Some 4-4-4-12 memory has been known to run 3-4-4-12, which was not the case with this G. Skill memory. However, a timing of 4-4-3-12 would operate normally and perfectly stable, but only afforded a very, very small benchmark difference if any. The memory would even overclock to 850Mhz, but couldn't achieve anything higher. At this point, it simply doesn't pay off to use these timings unless you plan to keep your system stock. Your motherboard may also prevent you from using these settings as well.


Summary:

   What do we think of this 2GB PC 6400 Kit that can be found for $199.00? There is really nothing bad to say about this memory. The kit is only rated to 800Mhz at 4-4-4-12 timings, but held up to 900Mhz with typical voltage changes. A few forums indicate others have had success a little above 900Mhz with much more in depth voltage adjustments as well as having a better chipset heat sink and CPU cooler to handle the heat.

There are PC 6400 kits that cost more but have 5-5-5-12 timings and can't overclock near 850Mhz even with higher voltages. This memory performs more like PC7200 (900mhz) memory except you gain the added bonus of lower memory latencies. Naturally, the lower the latencies are the better the system's abilities will be. The choice is pretty simple.

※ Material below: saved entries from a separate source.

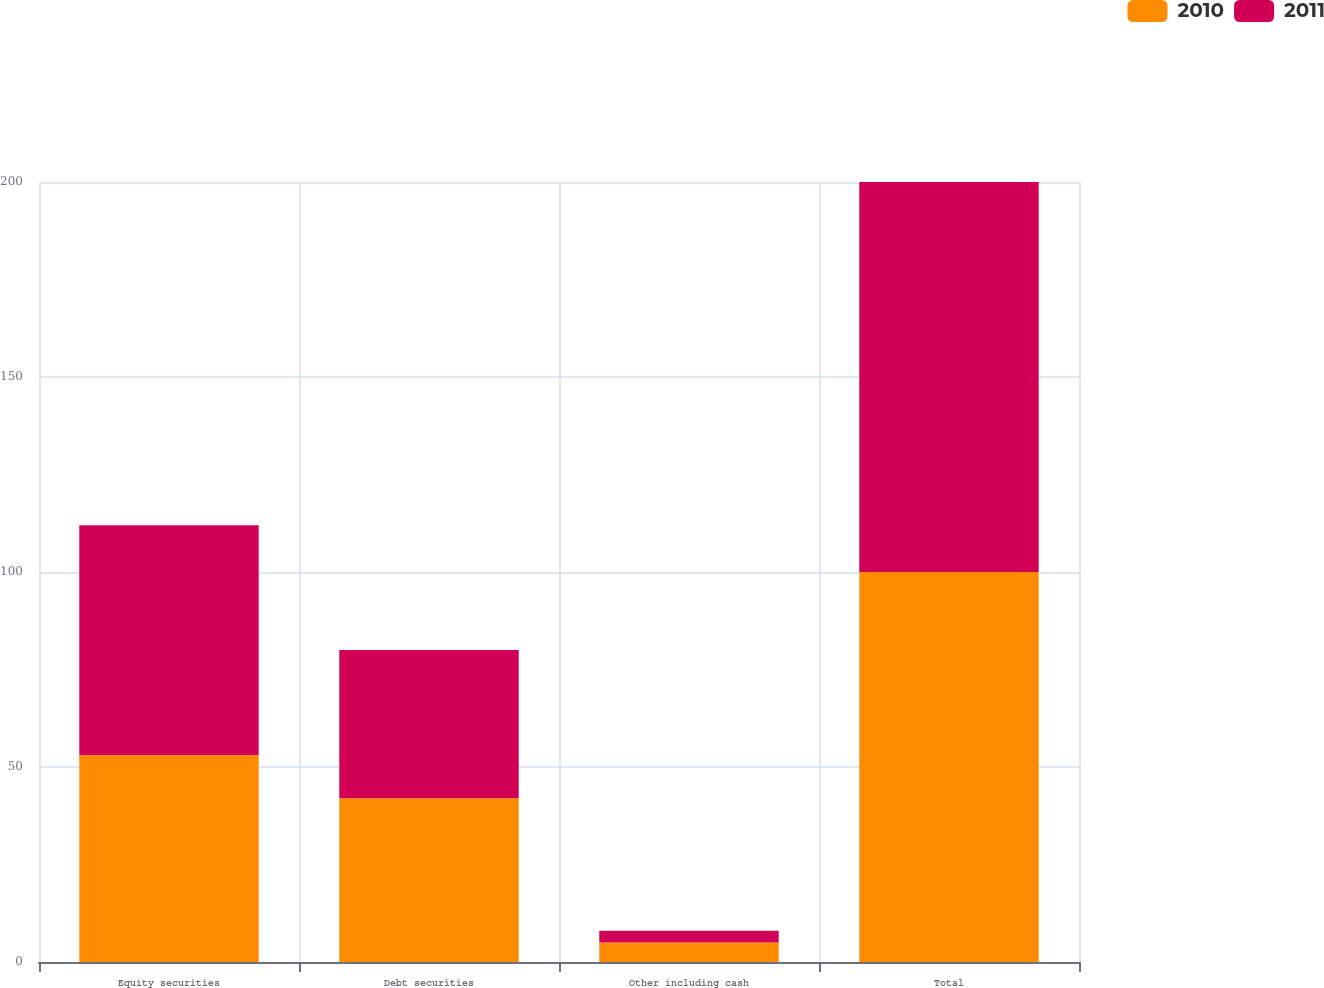<chart> <loc_0><loc_0><loc_500><loc_500><stacked_bar_chart><ecel><fcel>Equity securities<fcel>Debt securities<fcel>Other including cash<fcel>Total<nl><fcel>2010<fcel>53<fcel>42<fcel>5<fcel>100<nl><fcel>2011<fcel>59<fcel>38<fcel>3<fcel>100<nl></chart> 
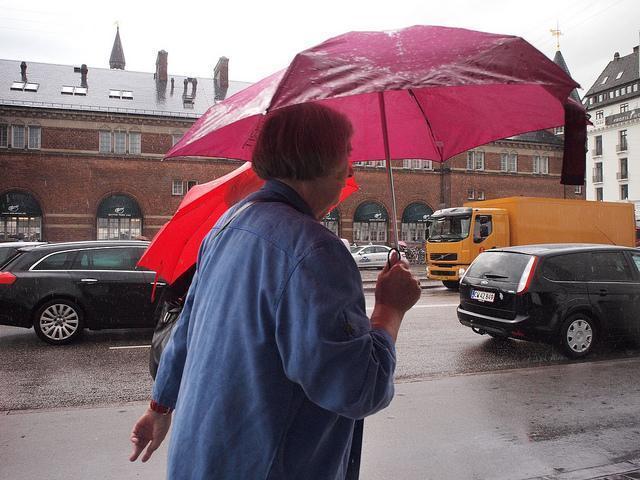How many umbrellas are in the photo?
Give a very brief answer. 2. How many umbrellas are in the picture?
Give a very brief answer. 2. How many cars can be seen?
Give a very brief answer. 2. 
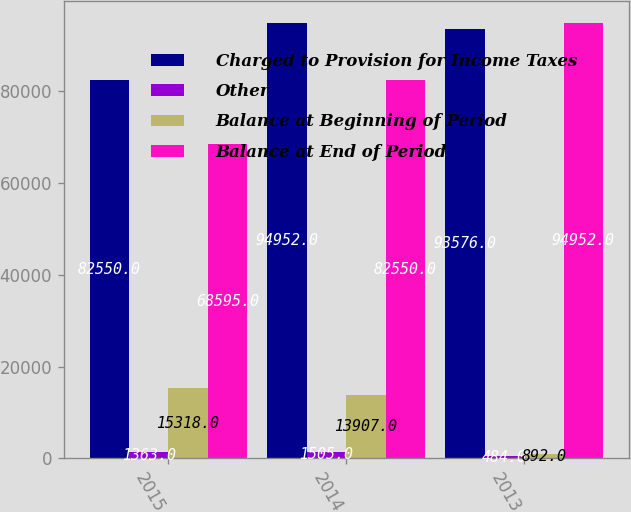<chart> <loc_0><loc_0><loc_500><loc_500><stacked_bar_chart><ecel><fcel>2015<fcel>2014<fcel>2013<nl><fcel>Charged to Provision for Income Taxes<fcel>82550<fcel>94952<fcel>93576<nl><fcel>Other<fcel>1363<fcel>1505<fcel>484<nl><fcel>Balance at Beginning of Period<fcel>15318<fcel>13907<fcel>892<nl><fcel>Balance at End of Period<fcel>68595<fcel>82550<fcel>94952<nl></chart> 
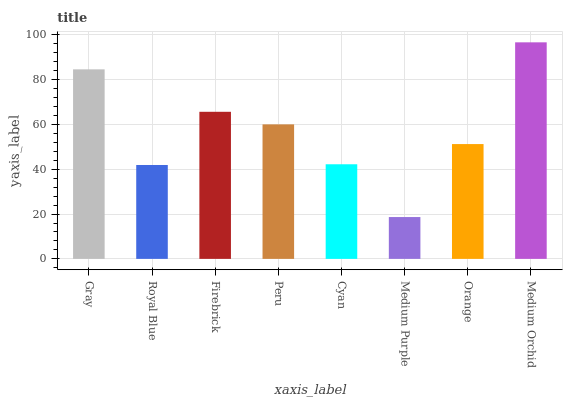Is Medium Purple the minimum?
Answer yes or no. Yes. Is Medium Orchid the maximum?
Answer yes or no. Yes. Is Royal Blue the minimum?
Answer yes or no. No. Is Royal Blue the maximum?
Answer yes or no. No. Is Gray greater than Royal Blue?
Answer yes or no. Yes. Is Royal Blue less than Gray?
Answer yes or no. Yes. Is Royal Blue greater than Gray?
Answer yes or no. No. Is Gray less than Royal Blue?
Answer yes or no. No. Is Peru the high median?
Answer yes or no. Yes. Is Orange the low median?
Answer yes or no. Yes. Is Firebrick the high median?
Answer yes or no. No. Is Gray the low median?
Answer yes or no. No.

The G. Skill F2-6400CL4D-2GPK in this test officially passed it's rated specifications. It also passed its way to 900Mhz with its rated memory latency timings. Couple this with the cost plus the customer service and warranty provided by G.Skill, you will definitely be happy. Only those needing a greater maximum memory frequency need consider something faster. If you do not need higher frequencies, then this memory will definitely make you happy.

Conclusion:

   The G. Skill F2-6400CL4D-2GPK performs beyond its official specifications and affords a much better range of results especially on a reliable motherboard. The 6400CL4D modules performed up to 900Mhz at 4-4-4-12 timings and remained stable converting my AM2 3500 processor in to a whole new beast. At its current price around $200, coupled with G.Skill's Customer Service and Warranty, it really is an exemplary choice. Looking for a more budget oriented PC 6400 Kit that gives you something extra?  This 800Mhz memory is definitely a good recommendation when you consider its stability, performance, and value.